The scope of an AI-driven UX strategy spans real-time personalisation, data-driven decisions, and intelligent automation to enable predictive, adaptive, and responsive experiences.
  • An AI-driven UX vision goes beyond usability — it defines how intelligent systems enhance the experience.

    • Create experiences that learn, adapt, and respond to user intent.
    • Use AI to anticipate needs, reduce friction, and personalise journeys.
    • Align model capabilities with the long-term product vision.

  • AI allows goals to be tied directly to measurable improvements in behaviour and relevance.

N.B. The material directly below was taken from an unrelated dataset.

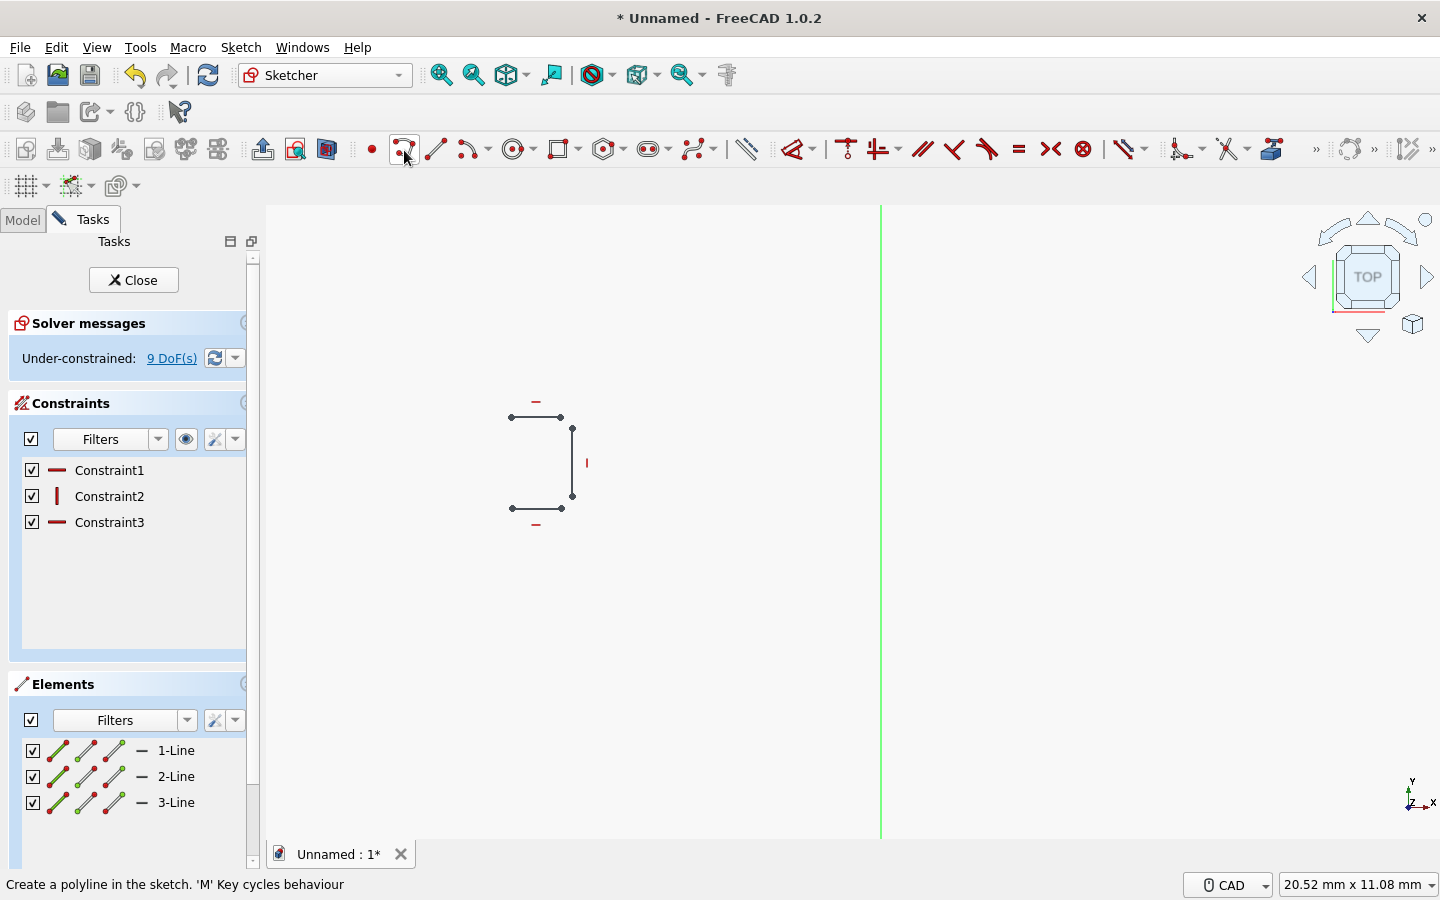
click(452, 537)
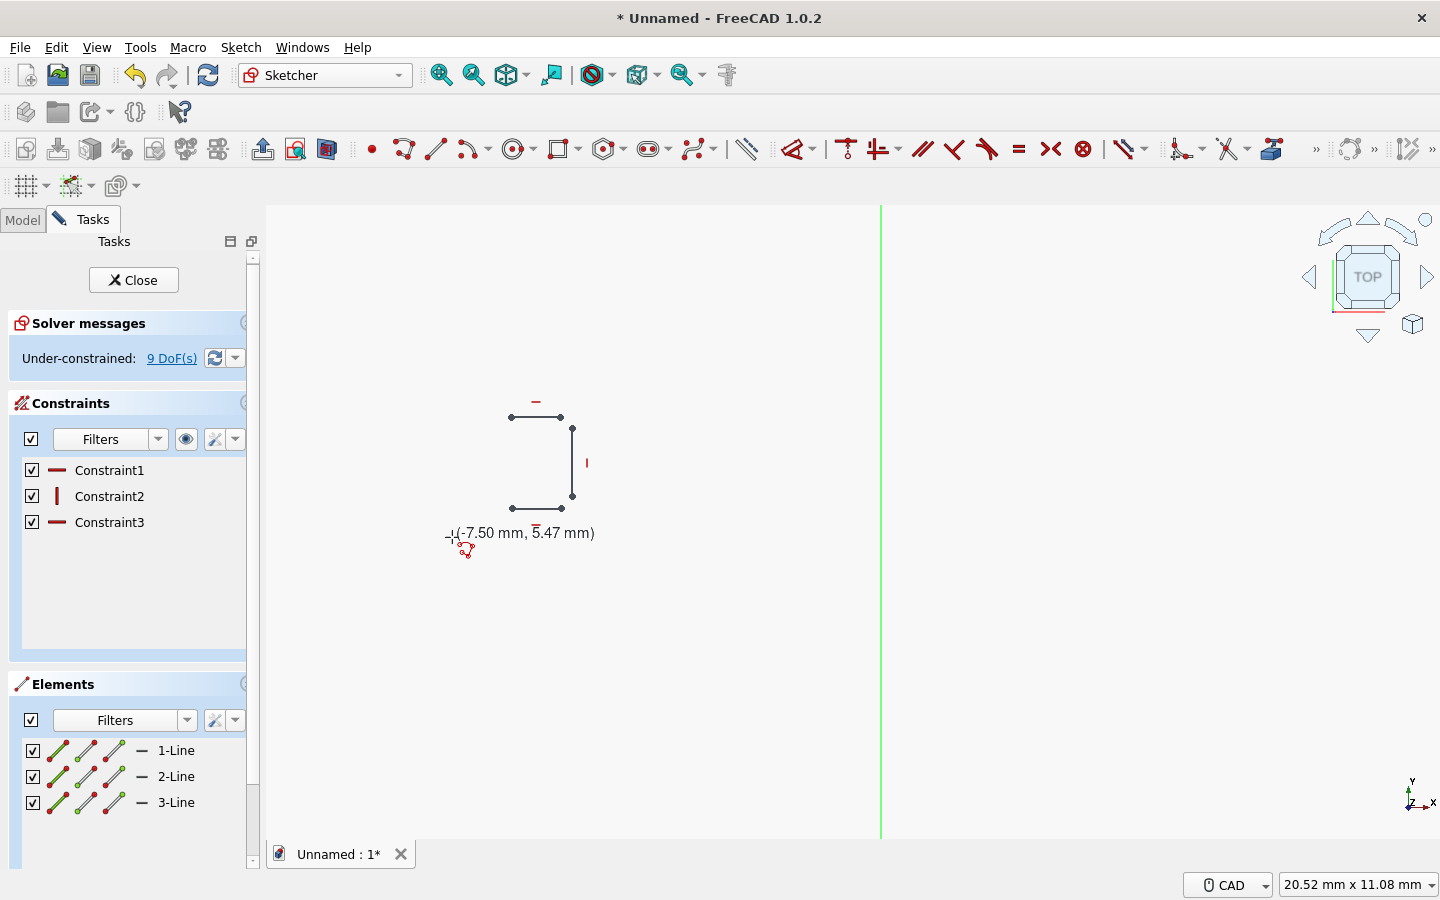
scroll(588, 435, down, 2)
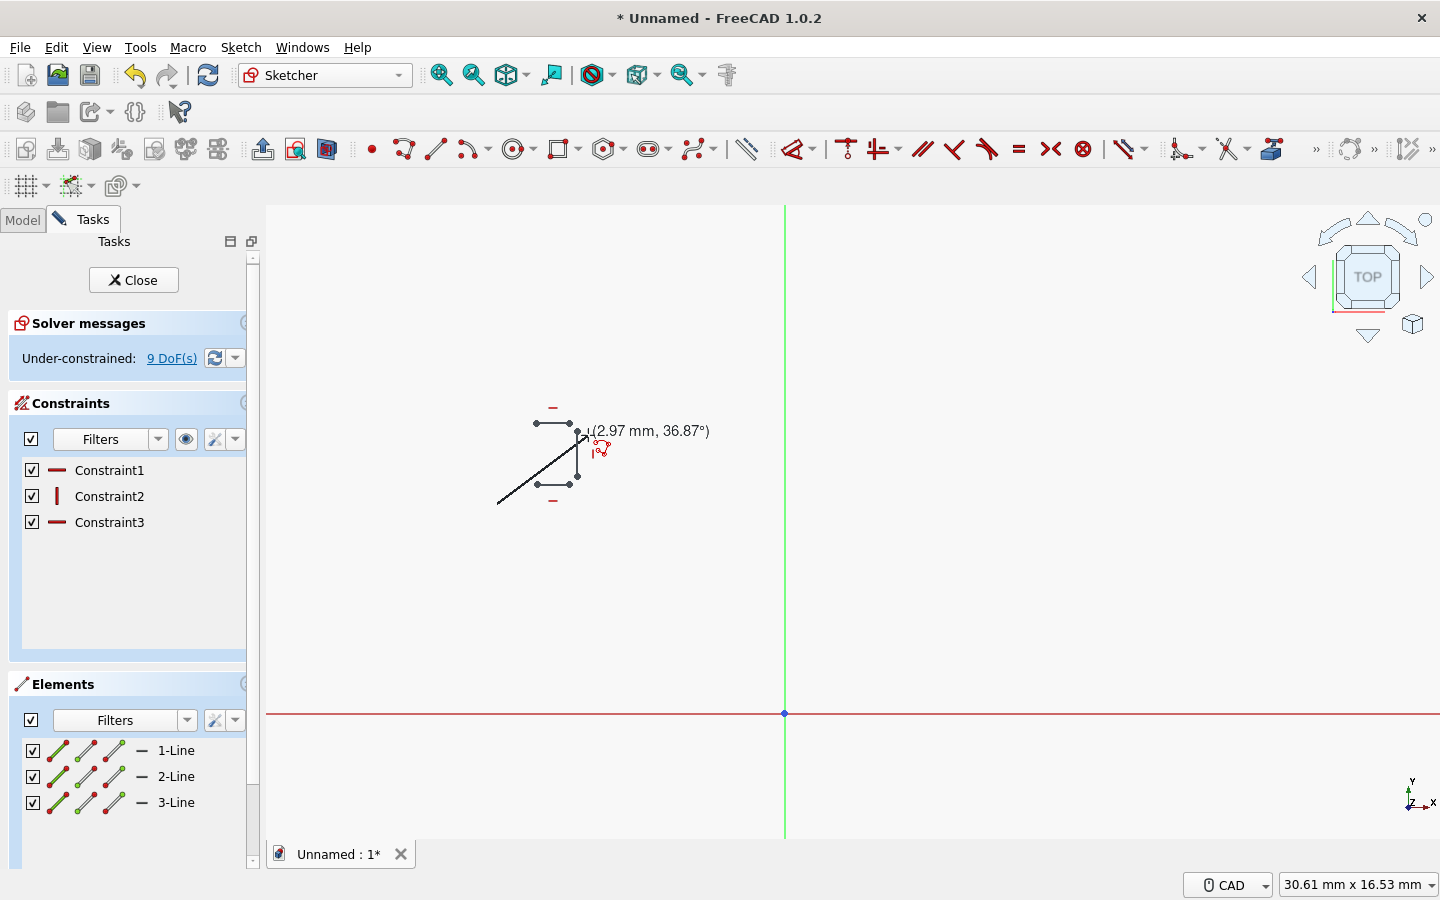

    • Increase relevance through personalised content, product ranking, and intent prediction.
    • Reduce bounce and hesitation by surfacing the right information at the right moment.
    • Improve conversion by using predictive models.
    • Use model performance metrics (precision, recall, ranking quality, embeddings similarity) alongside UX KPIs.

  • Integrating AI into UX requires a structured plan connecting model maturity, data, and user flows.

    • Map where AI adds value along the journey (landing, discovery, evaluation, decision).
    • Define which model types support each step.
    • Test AI-driven experiences through experimentation (A/B, holdouts, model comparisons).
    • Plan for responsible use: bias checks, transparency, fallback behaviours when models fail.
    • Align design system components with AI patterns (adaptive UI, conversational layers, contextual helpers).